The results from the cluster analysis of enthesitis showed three clusters, with two of them resembled the axial phenotype: a ‘pure’ axial disease with axial involvement and heel enthesitis as the major clinical presentation, and a second cluster with predominantly axial enthesitis (eg, nuchal crests, thoracic and lumbar spinous processes, iliac tuberosities…). In fact, in both of these clusters, the most frequent diagnosis according to the rheumatologist was axSpA (61.4% and 64.1%, respectively). With regard to the enthesitis, a third cluster resembling a peripheral phenotype was found, which was associated more frequently with psoriasis. This group with peripheral polyenthesitis exhibited a higher prevalence of fibromyalgia according to the FiRST questionnaire in comparison with the clusters resembling axial phenotypes. However, whether these patients suffered from a true inflammatory polyenthesitis or a concomitant fibromyalgia cannot be distinguished in this study.

This study has some limitations and some strengths. One major limitation is the difficulty of correctly evaluating peripheral involvement that occurred before the study visit, which may be hampered by recall bias, especially in patients with a long-standing disease. Another limitation is the cross-sectional nature of the study, which precludes the evaluation of the cluster evolution over time. The main strength of this study is the large sample size and the number of participating countries providing a worldwide representation of patients from the whole spectrum of SpA and PsA. In fact, an important homogeneity in the distribution of clusters across regions was found, which justify the pooling analysis of the data (online supplemental table S1).
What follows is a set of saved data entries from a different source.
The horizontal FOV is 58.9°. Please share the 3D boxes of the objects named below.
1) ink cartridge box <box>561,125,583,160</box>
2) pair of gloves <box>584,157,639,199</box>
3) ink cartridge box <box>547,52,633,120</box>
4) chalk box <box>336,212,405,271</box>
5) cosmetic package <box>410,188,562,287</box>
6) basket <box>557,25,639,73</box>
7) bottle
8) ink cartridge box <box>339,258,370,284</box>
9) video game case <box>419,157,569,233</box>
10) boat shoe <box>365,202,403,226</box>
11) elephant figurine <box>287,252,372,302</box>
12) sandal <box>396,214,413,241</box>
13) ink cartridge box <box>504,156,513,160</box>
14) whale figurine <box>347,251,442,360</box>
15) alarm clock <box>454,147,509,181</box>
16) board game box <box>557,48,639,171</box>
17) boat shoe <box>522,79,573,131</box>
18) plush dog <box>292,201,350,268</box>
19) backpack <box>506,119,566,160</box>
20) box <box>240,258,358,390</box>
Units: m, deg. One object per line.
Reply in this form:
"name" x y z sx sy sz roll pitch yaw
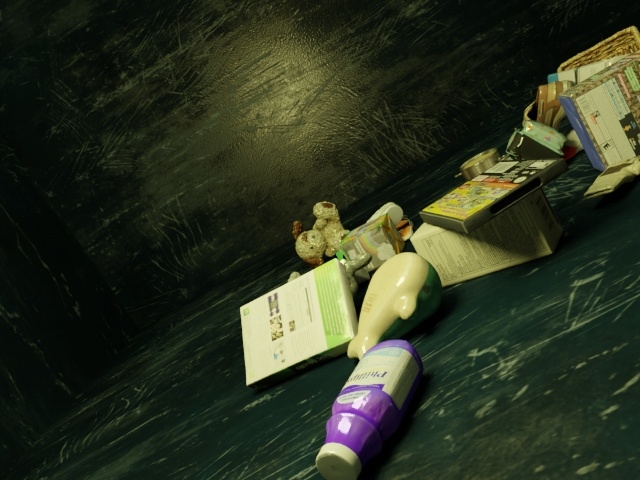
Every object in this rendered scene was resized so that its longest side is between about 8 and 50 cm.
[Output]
"ink cartridge box" 0.823 -0.329 1.855 0.232 0.066 0.189 -26 10 6
"pair of gloves" 0.734 -0.158 1.276 0.240 0.042 0.204 -20 11 45
"ink cartridge box" 0.920 -0.477 1.736 0.285 0.167 0.395 -12 10 2
"chalk box" 0.157 0.024 1.916 0.212 0.133 0.132 -26 11 25
"cosmetic package" 0.382 -0.013 1.322 0.296 0.153 0.129 -22 12 39
"basket" 1.028 -0.592 2.051 0.299 0.223 0.213 -23 12 37
"bottle" 0.081 0.277 0.940 0.118 0.092 0.283 -24 12 35
"ink cartridge box" 0.023 0.139 1.759 0.224 0.056 0.181 -27 -19 18
"video game case" 0.371 -0.104 1.263 0.248 0.035 0.275 -32 10 -3
"boat shoe" 0.195 -0.028 2.041 0.258 0.095 0.084 -45 22 5
"elephant figurine" 0.035 0.158 1.588 0.239 0.186 0.170 -5 49 5
"sandal" 0.287 -0.054 2.077 0.101 0.076 0.265 -30 9 7
"ink cartridge box" 0.565 -0.180 1.802 0.148 0.086 0.203 -28 10 22
"whale figurine" 0.168 0.162 1.254 0.272 0.141 0.216 -59 16 -13
"alarm clock" 0.520 -0.238 1.778 0.129 0.064 0.192 -37 7 -25
"board game box" 0.801 -0.343 1.436 0.290 0.232 0.141 -28 9 15
"boat shoe" 0.720 -0.404 1.853 0.116 0.123 0.324 4 -28 6
"plush dog" 0.000 0.000 2.412 0.225 0.263 0.211 -24 -26 -11
"backpack" 0.673 -0.294 1.776 0.145 0.165 0.188 -64 -9 14
"box" -0.059 0.214 1.440 0.321 0.058 0.233 -29 50 23
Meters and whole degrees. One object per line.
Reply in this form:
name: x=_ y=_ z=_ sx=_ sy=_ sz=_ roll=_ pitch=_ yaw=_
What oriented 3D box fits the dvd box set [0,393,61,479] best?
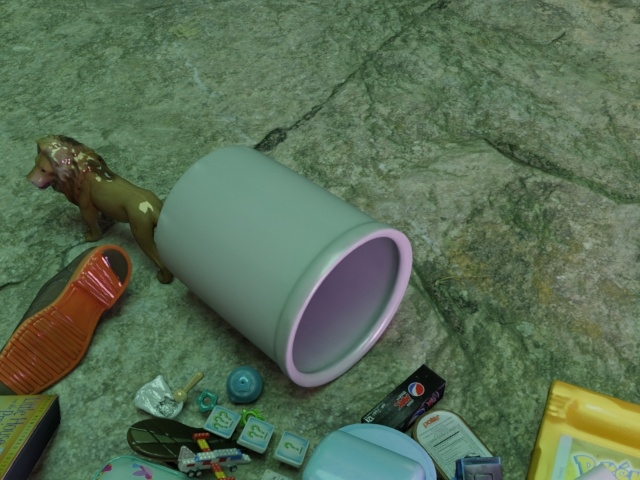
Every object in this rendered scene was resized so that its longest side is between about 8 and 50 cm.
dvd box set: x=-0.673 y=0.344 z=1.332 sx=0.420 sy=0.062 sz=0.307 roll=-2 pitch=15 yaw=-2

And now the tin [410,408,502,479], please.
tin: x=0.235 y=0.372 z=1.416 sx=0.106 sy=0.040 sz=0.190 roll=-22 pitch=49 yaw=-25

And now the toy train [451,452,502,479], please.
toy train: x=0.251 y=0.427 z=1.287 sx=0.080 sy=0.105 sz=0.184 roll=-2 pitch=71 yaw=0

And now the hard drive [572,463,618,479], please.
hard drive: x=0.369 y=0.474 z=1.188 sx=0.307 sy=0.040 sz=0.203 roll=-18 pitch=54 yaw=-28

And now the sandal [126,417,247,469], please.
sandal: x=-0.225 y=0.351 z=1.383 sx=0.219 sy=0.060 sz=0.090 roll=11 pitch=26 yaw=-40

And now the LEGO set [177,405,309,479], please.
LEGO set: x=-0.122 y=0.349 z=1.336 sx=0.182 sy=0.060 sz=0.244 roll=22 pitch=22 yaw=4

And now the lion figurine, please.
lion figurine: x=-0.420 y=-0.077 z=1.710 sx=0.392 sy=0.240 sz=0.142 roll=20 pitch=49 yaw=17

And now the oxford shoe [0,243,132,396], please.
oxford shoe: x=-0.516 y=0.160 z=1.593 sx=0.132 sy=0.130 sz=0.364 roll=-2 pitch=42 yaw=47

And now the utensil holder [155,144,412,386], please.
utensil holder: x=-0.077 y=0.033 z=1.547 sx=0.385 sy=0.328 sz=0.327 roll=34 pitch=55 yaw=30

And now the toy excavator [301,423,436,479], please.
toy excavator: x=0.027 y=0.389 z=1.114 sx=0.222 sy=0.445 sz=0.433 roll=18 pitch=48 yaw=18

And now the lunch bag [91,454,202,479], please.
lunch bag: x=-0.256 y=0.474 z=1.267 sx=0.279 sy=0.108 sz=0.224 roll=17 pitch=48 yaw=17

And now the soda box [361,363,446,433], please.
soda box: x=0.150 y=0.300 z=1.472 sx=0.169 sy=0.053 sz=0.060 roll=-35 pitch=56 yaw=-28

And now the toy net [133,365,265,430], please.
toy net: x=-0.219 y=0.297 z=1.490 sx=0.232 sy=0.045 sz=0.122 roll=-6 pitch=75 yaw=-1

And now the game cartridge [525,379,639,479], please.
game cartridge: x=0.478 y=0.411 z=1.325 sx=0.285 sy=0.053 sz=0.324 roll=15 pitch=60 yaw=15
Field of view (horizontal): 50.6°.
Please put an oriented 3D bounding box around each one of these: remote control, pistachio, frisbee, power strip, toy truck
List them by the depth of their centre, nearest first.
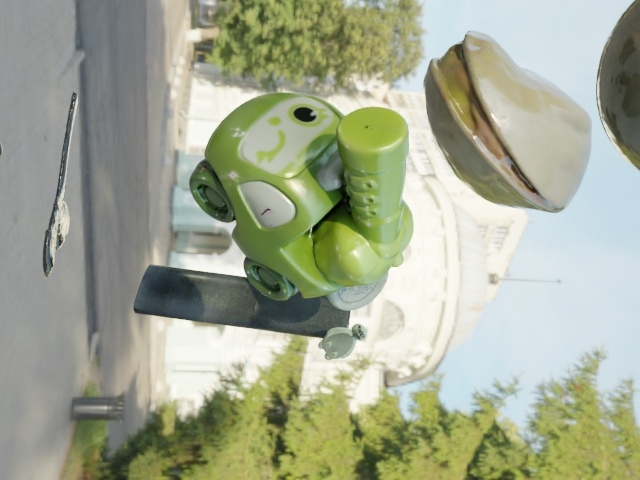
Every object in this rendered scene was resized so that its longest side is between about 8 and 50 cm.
[{"bbox_3d":[0.006,-0.034,0.599,0.148,0.210,0.187,-47,132,-32],"label":"toy truck"},{"bbox_3d":[-0.269,-0.062,0.711,0.211,0.012,0.187,-140,-120,-70],"label":"frisbee"},{"bbox_3d":[0.038,0.166,1.105,0.055,0.083,0.035,61,2,-9],"label":"power strip"},{"bbox_3d":[-0.133,0.109,1.203,0.044,0.377,0.107,94,4,-54],"label":"remote control"},{"bbox_3d":[0.388,-0.237,1.405,0.281,0.445,0.365,-33,-148,30],"label":"pistachio"}]

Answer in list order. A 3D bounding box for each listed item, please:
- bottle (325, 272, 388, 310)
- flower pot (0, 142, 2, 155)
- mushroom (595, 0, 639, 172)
[{"bbox_3d":[0.000,0.000,1.051,0.245,0.104,0.104,47,-42,46],"label":"bottle"},{"bbox_3d":[-0.776,-0.199,1.436,0.157,0.157,0.107,106,6,-52],"label":"flower pot"},{"bbox_3d":[0.350,-0.148,0.593,0.215,0.207,0.207,-50,151,-61],"label":"mushroom"}]
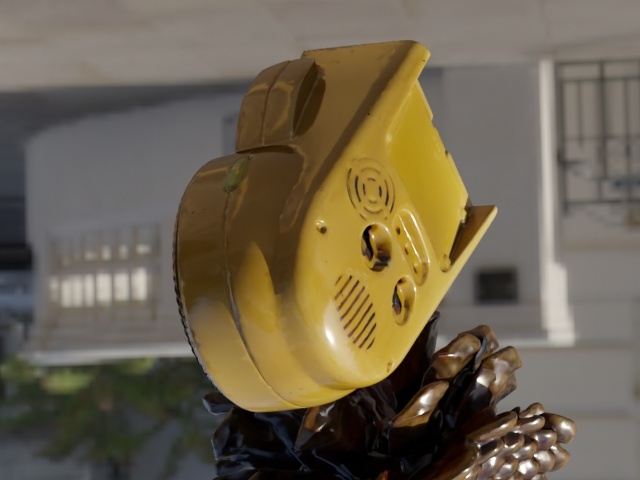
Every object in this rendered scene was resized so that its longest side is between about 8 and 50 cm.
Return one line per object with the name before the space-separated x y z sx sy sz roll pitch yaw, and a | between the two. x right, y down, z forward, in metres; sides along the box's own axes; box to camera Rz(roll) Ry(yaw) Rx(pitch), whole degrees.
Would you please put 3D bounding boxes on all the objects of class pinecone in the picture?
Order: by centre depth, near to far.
pinecone | 0.033 0.214 1.836 0.384 0.384 0.384 -1 177 0

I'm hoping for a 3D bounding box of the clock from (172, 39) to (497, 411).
clock | 0.000 0.000 1.623 0.200 0.244 0.317 -10 -147 31
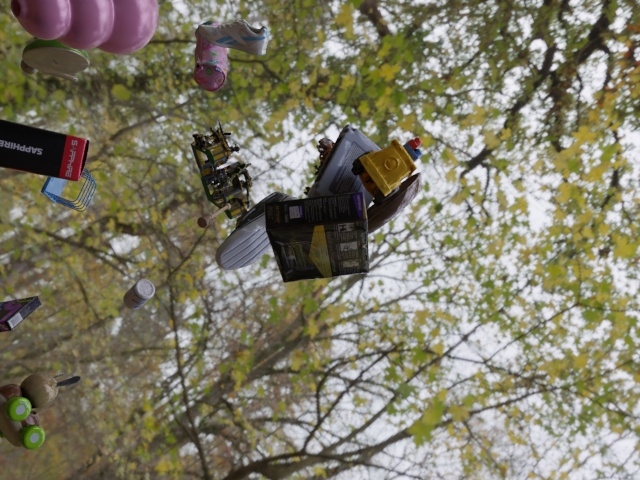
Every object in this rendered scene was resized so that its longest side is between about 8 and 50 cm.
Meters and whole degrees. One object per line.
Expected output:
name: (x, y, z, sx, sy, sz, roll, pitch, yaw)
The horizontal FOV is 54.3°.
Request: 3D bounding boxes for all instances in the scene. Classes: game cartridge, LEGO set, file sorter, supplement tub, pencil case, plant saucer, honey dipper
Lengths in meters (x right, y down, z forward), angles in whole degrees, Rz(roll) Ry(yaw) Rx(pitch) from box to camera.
game cartridge: (0.097, -0.203, 2.013, 0.198, 0.297, 0.062, 39, -25, -26)
LEGO set: (-0.314, -0.258, 2.241, 0.255, 0.192, 0.331, 23, -44, 55)
file sorter: (-0.756, -0.165, 1.896, 0.104, 0.118, 0.170, 22, -11, -8)
supplement tub: (-0.601, 0.179, 2.070, 0.107, 0.071, 0.071, -38, -96, 42)
pencil case: (-0.403, -0.675, 2.275, 0.124, 0.124, 0.284, 107, -18, -52)
plant saucer: (0.211, -0.104, 1.999, 0.050, 0.310, 0.310, 50, -30, -6)
honey dipper: (-0.281, -0.071, 1.687, 0.030, 0.160, 0.030, 7, -69, 18)

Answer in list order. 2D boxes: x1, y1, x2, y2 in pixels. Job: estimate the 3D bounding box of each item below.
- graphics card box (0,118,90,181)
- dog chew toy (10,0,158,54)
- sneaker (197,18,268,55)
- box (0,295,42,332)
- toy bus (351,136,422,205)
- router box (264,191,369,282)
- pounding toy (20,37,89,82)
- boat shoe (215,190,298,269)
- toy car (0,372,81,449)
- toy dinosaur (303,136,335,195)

In summary, these results distinguish two main phenotypes (a predominantly axial and a predominantly peripheral phenotype) on the basis of the peripheral manifestations, which fitted a clinical diagnosis of axSpA and pSpA (including PsA), respectively. This study does not only suggest that clinicians include peripheral manifestations in their assessment of whether a patient has axial or peripheral SpA; it also emphasises several other interesting elements, such a close association between heel enthesitis and axial SpA and a difference between root joints (eg, shoulder is more related with the peripheral phenotype while hip is more related with the axial one). Thus, the often-artificial difference between axial and peripheral SpA therefore continues to make sense, although whether PsA can be considered part of SpA or as a separate entity cannot be answered with this study. However, an important overlap of peripheral manifestations was found across the different underlying entities. These results also confirm the variability of making a diagnosis by rheumatologists depending on the presence of peripheral manifestations.

Future prospective studies would be useful to assess the changes in phenotypes over time, and molecular and genetic studies are needed to evaluate whether these clinical phenotypes are genetically similar or different.